Required action - If a line in the listing carries the word "labels", return a copy of that line.

Record set -
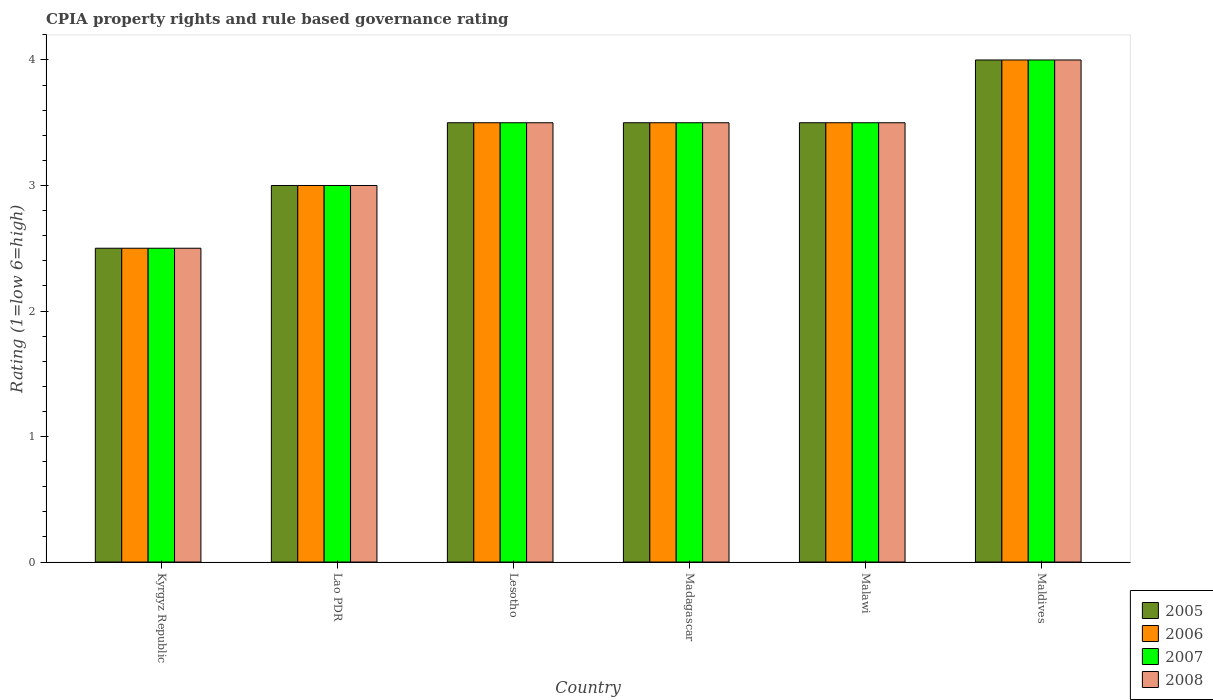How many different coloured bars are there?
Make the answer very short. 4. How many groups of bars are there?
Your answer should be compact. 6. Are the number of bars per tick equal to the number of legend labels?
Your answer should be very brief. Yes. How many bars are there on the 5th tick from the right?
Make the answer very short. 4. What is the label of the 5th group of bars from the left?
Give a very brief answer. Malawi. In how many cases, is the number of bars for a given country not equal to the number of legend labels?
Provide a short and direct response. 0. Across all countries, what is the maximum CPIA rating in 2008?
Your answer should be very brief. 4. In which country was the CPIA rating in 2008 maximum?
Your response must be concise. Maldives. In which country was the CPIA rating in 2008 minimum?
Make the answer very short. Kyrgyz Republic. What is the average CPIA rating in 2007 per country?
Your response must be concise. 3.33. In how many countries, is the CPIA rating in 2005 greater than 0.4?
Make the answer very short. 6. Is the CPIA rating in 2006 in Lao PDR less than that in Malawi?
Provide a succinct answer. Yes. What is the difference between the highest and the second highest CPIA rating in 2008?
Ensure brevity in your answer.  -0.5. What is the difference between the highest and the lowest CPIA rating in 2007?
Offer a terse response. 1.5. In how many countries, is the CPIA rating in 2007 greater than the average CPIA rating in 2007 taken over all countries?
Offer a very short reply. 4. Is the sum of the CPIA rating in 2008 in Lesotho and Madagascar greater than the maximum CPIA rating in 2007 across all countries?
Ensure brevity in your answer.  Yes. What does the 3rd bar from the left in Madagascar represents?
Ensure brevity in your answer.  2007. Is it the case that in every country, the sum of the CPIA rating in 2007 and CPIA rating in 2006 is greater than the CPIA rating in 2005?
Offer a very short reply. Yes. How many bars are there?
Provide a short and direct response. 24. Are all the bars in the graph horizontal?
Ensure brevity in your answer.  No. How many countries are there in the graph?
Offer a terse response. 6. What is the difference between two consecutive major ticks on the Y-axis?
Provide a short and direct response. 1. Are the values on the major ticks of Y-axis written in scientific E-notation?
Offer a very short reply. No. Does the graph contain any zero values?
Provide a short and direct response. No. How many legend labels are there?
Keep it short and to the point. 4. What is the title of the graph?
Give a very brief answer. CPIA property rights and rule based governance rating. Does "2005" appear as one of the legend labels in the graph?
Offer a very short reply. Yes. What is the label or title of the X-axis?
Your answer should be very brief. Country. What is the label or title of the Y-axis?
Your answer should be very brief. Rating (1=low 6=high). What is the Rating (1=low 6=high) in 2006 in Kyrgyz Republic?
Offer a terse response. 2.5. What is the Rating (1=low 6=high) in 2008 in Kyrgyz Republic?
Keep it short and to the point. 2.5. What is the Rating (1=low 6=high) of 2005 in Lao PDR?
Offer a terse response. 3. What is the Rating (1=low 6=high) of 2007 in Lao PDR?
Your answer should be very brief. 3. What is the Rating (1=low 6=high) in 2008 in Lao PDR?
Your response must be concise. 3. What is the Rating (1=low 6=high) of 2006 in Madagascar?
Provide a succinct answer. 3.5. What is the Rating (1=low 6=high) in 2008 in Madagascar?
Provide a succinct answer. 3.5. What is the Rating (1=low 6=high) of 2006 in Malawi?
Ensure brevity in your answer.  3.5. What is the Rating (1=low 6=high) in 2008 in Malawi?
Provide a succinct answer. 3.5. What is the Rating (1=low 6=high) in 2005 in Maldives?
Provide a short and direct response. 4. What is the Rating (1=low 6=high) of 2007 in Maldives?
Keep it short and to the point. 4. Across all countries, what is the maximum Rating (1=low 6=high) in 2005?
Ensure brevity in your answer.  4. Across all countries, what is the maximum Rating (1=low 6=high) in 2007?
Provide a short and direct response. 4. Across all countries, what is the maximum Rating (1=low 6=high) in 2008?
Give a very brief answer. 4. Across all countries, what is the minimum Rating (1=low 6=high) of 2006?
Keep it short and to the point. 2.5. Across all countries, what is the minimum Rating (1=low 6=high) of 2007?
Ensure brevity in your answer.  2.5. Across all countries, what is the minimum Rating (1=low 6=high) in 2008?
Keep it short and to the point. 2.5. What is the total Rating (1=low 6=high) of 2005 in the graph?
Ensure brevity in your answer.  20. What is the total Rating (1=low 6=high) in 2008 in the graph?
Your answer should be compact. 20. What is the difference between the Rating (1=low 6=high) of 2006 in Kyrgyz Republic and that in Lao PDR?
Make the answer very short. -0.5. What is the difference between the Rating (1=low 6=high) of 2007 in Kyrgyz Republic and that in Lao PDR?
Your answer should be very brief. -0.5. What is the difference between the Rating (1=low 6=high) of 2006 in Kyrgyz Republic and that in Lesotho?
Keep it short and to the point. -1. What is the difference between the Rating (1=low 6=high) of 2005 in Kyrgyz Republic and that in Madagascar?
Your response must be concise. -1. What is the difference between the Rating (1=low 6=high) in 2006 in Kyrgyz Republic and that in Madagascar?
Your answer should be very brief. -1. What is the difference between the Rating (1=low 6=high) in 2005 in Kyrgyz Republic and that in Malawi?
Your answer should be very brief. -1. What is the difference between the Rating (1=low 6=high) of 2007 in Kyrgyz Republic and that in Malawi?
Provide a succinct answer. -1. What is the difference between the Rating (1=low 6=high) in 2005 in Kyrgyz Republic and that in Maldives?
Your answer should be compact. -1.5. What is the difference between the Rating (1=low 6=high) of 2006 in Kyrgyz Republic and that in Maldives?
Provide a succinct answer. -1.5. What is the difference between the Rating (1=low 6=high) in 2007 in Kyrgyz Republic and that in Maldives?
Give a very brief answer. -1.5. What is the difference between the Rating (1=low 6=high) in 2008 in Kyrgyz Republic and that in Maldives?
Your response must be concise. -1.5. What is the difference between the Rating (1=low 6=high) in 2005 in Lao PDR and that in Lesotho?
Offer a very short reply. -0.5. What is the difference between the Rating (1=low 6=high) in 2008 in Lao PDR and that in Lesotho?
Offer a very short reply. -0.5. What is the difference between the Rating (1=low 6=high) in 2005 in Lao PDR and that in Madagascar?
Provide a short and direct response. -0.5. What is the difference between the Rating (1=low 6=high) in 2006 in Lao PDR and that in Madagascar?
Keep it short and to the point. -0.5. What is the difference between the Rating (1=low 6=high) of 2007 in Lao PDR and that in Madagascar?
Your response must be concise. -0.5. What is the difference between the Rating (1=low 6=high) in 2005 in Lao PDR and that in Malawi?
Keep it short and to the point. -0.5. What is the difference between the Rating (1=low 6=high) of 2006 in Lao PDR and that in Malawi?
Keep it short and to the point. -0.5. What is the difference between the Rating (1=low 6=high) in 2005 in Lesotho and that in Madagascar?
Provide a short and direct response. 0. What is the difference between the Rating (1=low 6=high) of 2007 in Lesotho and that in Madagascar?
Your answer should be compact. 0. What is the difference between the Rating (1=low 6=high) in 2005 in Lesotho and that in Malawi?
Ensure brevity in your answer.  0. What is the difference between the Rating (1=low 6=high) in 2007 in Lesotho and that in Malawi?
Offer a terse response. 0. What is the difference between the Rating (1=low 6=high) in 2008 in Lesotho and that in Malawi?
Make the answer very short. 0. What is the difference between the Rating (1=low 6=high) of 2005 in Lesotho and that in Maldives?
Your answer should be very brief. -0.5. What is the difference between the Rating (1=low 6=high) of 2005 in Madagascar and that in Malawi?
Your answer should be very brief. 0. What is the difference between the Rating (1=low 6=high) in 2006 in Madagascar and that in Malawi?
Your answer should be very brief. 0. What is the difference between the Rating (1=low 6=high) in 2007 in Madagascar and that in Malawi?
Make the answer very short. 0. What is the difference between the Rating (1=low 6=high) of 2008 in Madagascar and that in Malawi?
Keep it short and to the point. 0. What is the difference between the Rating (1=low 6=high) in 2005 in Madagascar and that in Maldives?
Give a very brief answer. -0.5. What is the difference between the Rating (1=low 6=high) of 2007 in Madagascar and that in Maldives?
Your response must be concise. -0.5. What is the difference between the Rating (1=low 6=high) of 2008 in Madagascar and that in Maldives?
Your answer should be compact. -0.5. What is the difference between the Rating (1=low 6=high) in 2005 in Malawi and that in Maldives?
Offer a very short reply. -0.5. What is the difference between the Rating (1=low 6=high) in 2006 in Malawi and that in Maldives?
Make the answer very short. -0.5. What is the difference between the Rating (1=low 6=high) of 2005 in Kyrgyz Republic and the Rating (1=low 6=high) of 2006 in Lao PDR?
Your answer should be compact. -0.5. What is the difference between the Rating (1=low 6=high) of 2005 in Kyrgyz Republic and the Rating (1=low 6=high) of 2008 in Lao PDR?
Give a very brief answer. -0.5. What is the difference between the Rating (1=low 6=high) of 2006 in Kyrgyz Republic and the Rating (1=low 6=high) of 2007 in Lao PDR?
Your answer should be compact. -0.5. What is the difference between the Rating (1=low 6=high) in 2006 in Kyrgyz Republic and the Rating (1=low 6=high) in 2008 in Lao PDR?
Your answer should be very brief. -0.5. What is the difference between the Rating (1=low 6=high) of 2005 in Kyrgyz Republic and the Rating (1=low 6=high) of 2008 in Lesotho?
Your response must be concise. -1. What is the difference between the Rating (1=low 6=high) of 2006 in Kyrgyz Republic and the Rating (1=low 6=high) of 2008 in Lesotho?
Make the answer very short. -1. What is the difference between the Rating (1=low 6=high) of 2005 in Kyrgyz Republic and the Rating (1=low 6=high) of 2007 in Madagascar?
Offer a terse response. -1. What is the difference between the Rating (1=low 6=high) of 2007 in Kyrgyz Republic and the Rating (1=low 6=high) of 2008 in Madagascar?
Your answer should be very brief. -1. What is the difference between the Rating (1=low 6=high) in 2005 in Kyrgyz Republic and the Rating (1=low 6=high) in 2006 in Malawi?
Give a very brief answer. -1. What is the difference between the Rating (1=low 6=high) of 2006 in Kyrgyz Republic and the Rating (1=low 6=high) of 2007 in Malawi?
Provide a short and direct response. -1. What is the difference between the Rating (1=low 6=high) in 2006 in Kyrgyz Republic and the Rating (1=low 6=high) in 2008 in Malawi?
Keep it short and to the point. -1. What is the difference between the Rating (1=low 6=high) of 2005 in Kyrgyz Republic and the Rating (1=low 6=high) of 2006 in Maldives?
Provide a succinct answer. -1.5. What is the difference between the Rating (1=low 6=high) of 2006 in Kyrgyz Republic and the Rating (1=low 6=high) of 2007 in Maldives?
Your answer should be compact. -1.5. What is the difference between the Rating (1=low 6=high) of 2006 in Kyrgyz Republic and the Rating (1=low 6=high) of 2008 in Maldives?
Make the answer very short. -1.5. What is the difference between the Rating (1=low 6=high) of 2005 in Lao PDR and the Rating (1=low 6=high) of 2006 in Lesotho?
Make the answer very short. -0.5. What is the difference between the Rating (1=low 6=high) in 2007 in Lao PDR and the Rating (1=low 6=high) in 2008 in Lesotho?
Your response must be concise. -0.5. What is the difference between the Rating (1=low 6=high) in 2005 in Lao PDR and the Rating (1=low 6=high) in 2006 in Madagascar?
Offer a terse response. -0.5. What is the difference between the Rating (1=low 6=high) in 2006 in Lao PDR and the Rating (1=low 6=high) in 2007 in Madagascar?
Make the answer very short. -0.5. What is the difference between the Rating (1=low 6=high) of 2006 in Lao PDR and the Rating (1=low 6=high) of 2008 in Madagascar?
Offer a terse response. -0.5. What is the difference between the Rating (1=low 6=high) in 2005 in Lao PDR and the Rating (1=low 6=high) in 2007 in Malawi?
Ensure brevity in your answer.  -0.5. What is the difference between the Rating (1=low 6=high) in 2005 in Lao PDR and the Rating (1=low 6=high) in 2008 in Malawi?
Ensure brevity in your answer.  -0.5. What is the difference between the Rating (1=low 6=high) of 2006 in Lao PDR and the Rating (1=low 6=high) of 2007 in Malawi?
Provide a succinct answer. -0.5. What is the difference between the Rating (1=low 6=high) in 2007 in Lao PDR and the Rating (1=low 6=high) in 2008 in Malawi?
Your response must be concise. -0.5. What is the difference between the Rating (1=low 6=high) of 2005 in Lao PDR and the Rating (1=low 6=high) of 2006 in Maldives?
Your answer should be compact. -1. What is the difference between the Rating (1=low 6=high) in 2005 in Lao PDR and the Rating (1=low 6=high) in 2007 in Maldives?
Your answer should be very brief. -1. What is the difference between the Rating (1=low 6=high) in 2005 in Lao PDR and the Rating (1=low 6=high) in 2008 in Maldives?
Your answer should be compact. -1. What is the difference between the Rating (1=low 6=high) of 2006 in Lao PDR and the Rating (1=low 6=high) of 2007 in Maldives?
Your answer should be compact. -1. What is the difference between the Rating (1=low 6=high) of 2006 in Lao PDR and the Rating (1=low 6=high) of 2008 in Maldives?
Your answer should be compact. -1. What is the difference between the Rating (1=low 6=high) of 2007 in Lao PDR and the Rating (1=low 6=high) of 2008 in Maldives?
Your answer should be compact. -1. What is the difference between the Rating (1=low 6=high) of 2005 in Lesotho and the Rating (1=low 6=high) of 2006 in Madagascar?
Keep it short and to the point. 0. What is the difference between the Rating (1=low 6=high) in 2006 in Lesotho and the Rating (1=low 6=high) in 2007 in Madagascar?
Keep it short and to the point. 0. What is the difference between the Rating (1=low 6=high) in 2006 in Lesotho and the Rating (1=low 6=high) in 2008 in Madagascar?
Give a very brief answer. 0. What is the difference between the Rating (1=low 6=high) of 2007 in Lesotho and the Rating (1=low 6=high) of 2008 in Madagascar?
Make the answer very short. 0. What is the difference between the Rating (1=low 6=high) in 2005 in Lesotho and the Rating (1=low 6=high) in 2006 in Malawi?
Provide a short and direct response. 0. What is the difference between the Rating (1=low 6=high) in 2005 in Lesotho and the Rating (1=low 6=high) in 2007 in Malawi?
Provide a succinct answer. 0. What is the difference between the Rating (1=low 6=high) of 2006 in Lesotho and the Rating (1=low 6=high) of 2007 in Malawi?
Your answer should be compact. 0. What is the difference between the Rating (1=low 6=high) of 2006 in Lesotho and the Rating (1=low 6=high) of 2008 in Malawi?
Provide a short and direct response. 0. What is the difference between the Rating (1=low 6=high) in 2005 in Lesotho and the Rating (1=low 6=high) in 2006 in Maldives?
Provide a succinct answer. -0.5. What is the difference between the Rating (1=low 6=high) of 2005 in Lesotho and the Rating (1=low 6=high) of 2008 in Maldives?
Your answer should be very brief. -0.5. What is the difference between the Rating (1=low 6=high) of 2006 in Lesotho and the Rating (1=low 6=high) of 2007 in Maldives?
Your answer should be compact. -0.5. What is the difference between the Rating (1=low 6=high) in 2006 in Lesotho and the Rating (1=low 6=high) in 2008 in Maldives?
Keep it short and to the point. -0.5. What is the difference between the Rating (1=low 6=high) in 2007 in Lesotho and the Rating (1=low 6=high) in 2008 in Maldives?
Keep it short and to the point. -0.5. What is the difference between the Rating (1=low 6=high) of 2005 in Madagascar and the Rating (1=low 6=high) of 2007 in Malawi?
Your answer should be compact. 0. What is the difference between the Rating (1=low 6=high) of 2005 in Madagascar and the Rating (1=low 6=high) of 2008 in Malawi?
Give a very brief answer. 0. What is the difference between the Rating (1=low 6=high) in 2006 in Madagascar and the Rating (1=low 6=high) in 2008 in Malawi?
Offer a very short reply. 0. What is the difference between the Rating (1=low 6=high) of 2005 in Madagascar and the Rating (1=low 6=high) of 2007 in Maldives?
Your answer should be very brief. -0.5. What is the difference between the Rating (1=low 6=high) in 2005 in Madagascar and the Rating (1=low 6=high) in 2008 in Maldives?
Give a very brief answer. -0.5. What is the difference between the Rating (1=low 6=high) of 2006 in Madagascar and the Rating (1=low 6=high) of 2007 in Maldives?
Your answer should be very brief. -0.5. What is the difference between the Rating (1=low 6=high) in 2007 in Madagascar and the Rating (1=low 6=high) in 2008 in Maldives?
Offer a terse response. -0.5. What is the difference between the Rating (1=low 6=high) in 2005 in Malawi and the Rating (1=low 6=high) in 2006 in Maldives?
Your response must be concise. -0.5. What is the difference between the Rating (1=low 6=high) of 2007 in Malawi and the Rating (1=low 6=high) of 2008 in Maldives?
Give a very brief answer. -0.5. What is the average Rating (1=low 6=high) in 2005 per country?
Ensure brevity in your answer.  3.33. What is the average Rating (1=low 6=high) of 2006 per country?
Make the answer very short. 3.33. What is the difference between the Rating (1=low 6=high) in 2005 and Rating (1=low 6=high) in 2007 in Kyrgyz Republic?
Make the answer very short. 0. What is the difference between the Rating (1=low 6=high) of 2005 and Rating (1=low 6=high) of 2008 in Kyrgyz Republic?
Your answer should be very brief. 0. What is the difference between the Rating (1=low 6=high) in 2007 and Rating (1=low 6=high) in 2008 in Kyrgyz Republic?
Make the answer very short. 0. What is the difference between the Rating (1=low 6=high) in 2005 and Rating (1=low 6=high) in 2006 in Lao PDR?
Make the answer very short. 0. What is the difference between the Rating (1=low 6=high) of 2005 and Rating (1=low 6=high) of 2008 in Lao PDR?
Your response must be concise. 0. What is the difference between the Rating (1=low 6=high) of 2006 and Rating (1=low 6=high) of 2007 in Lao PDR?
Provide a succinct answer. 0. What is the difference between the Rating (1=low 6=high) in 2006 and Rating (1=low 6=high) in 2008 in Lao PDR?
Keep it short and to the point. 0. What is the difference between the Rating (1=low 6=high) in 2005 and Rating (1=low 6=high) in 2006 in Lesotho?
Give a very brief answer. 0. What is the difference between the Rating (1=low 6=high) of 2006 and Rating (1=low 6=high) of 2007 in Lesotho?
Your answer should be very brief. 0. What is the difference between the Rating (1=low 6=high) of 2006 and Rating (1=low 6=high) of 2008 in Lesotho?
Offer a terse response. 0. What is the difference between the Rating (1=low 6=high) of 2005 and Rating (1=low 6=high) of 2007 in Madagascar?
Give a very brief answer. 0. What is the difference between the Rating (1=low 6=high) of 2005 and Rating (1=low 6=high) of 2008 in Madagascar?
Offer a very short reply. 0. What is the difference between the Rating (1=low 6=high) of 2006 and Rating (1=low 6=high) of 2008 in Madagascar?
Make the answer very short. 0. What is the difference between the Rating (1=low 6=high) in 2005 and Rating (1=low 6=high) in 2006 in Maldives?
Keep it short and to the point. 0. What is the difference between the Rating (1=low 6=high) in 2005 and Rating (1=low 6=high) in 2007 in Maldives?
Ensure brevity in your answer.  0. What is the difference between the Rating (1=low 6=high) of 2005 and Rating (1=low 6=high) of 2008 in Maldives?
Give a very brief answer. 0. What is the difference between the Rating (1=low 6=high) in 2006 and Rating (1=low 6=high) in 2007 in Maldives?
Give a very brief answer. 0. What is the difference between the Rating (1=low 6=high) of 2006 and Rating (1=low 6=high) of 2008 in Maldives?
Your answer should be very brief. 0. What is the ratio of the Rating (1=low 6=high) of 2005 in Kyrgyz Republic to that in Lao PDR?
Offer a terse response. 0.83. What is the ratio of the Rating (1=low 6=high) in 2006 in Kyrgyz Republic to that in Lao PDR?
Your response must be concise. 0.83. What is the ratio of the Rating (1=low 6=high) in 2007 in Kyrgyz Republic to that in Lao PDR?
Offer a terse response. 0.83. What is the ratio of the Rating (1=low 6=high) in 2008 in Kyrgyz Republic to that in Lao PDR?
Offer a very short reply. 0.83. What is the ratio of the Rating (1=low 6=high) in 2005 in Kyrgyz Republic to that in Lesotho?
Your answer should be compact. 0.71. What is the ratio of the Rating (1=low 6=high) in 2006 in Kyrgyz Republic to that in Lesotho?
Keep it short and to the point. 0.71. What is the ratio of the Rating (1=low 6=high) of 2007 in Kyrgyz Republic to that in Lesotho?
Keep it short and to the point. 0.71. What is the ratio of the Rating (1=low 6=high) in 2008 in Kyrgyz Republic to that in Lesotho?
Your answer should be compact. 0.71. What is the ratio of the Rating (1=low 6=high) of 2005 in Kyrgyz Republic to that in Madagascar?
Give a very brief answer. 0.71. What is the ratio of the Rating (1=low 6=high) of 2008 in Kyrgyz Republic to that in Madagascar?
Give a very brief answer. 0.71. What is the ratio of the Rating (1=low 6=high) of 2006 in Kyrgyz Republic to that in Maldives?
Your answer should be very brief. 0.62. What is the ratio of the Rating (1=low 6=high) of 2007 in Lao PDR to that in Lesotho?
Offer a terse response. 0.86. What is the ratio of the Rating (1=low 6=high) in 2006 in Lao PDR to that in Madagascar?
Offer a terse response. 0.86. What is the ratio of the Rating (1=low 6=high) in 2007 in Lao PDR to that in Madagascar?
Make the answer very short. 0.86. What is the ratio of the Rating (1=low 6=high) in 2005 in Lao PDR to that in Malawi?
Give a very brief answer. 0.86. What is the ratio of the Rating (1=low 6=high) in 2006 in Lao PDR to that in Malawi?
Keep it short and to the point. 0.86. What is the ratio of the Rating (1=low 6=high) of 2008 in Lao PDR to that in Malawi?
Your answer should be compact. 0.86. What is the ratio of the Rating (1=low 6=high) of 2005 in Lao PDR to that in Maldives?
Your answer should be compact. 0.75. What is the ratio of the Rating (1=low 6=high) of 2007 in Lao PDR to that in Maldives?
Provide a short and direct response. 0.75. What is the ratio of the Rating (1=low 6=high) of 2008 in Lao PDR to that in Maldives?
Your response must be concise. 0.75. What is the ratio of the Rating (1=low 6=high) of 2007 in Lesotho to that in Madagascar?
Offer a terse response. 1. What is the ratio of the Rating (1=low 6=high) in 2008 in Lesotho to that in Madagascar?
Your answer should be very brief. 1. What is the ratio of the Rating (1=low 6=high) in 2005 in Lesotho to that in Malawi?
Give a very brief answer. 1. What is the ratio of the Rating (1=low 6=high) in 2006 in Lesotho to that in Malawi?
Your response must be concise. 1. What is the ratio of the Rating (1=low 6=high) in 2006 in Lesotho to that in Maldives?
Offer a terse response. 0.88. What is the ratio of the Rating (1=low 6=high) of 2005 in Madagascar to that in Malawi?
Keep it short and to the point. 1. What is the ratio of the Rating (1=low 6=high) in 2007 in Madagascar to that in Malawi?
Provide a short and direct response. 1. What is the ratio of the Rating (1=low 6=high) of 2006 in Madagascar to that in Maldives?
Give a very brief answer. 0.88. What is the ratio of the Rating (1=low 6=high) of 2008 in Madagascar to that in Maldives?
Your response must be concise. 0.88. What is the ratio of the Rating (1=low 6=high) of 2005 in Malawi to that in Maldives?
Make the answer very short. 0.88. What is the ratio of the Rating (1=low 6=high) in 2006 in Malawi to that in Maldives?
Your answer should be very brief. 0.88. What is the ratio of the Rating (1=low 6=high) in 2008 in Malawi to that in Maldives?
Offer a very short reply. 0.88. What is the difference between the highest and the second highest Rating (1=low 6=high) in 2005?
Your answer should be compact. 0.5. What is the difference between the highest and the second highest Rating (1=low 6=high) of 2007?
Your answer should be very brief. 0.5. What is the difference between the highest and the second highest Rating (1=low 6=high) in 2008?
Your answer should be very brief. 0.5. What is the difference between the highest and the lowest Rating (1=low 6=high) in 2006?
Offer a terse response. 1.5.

Answer to this task -
Your answer should be compact. 6. Are the number of bars per tick equal to the number of legend labels?
Give a very brief answer. Malawi. In how many cases, is the number of bars for a given country not equal to the number of legend labels?
Provide a short and direct response. No. How many legend labels are there?
Give a very brief answer. CPIA property rights and rule based governance rating. Does "2005" appear as one of the legend labels in the graph?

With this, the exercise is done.